EXERCISE DIRECTIONS
List each line of the data that holds the word "name".

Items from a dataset
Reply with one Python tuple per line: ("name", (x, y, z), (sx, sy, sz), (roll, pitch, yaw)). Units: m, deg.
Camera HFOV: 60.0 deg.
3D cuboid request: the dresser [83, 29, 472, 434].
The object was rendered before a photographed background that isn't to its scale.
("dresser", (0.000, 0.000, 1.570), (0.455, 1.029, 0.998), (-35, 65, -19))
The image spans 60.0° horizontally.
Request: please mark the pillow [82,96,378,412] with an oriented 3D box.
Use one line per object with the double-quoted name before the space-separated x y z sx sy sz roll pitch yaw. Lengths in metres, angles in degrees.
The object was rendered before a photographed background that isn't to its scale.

...

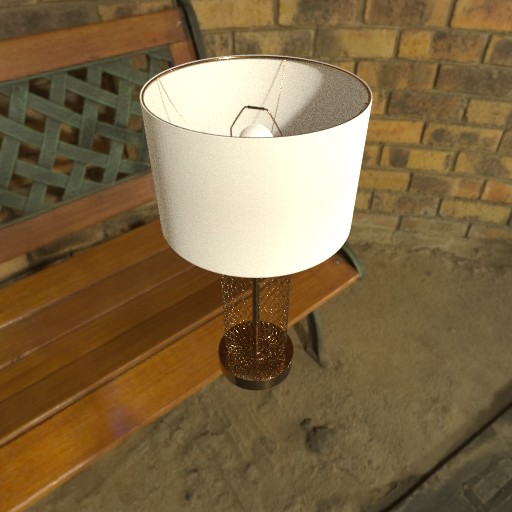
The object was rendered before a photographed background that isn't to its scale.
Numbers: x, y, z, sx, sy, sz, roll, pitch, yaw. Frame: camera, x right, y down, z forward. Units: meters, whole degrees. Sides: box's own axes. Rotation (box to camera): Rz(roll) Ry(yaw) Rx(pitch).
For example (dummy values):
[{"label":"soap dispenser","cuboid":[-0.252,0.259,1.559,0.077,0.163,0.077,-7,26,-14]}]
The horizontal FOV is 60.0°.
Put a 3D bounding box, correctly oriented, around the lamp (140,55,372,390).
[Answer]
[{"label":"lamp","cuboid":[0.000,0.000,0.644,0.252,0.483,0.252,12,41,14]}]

* * *

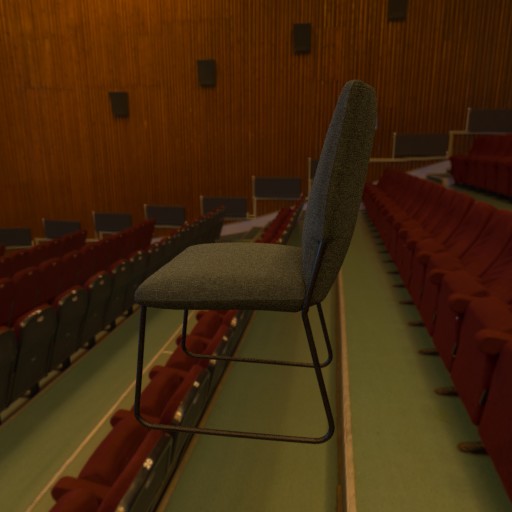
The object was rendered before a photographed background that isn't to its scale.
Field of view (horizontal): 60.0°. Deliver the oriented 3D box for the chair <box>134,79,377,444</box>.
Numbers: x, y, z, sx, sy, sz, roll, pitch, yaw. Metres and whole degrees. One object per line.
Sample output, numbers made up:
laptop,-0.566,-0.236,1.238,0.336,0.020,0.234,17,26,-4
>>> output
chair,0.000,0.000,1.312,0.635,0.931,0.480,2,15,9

SOLVED EXERCISE
Reply with one Python tuple per line: ("name", (x, y, z), (sx, sy, sz), (roll, pitch, yaw)). Units: m, deg.
Use one line per object with the double-quoted name before the space-separated x y z sx sy sz roll pitch yaw. Lengths in metres, angles in degrees.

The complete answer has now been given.